**Instructions for the task**
Return the tail of the records exactly, starting from the line containing "Do the same for the car (170,193,181,210)." and ending with the final line.
START Records provided
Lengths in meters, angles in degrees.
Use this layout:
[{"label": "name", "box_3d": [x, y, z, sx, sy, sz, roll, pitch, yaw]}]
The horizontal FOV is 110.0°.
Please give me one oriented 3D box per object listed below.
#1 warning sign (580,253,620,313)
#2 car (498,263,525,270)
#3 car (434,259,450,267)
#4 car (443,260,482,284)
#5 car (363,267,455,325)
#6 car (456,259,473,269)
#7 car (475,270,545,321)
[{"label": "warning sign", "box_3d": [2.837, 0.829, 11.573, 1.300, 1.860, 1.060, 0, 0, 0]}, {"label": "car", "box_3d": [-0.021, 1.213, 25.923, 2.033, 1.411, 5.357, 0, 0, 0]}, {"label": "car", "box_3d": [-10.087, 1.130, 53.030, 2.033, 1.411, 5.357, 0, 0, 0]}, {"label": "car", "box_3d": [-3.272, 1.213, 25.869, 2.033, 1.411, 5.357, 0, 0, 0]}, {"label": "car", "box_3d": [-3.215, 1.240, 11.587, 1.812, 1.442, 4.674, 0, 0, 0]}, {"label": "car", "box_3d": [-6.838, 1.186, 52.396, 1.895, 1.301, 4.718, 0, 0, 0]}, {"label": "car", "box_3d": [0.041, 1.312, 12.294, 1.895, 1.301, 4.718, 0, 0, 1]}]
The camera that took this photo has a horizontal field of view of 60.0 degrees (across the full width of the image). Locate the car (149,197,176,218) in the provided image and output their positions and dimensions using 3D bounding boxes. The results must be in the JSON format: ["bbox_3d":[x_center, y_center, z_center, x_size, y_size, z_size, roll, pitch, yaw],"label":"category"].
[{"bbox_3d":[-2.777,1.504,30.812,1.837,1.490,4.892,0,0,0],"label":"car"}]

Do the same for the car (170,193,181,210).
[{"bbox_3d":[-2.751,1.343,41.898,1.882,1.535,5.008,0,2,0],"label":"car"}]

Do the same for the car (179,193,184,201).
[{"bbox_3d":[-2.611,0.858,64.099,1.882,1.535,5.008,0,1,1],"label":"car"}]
END Records provided
**Result**
Do the same for the car (170,193,181,210).
[{"bbox_3d":[-2.751,1.343,41.898,1.882,1.535,5.008,0,2,0],"label":"car"}]

Do the same for the car (179,193,184,201).
[{"bbox_3d":[-2.611,0.858,64.099,1.882,1.535,5.008,0,1,1],"label":"car"}]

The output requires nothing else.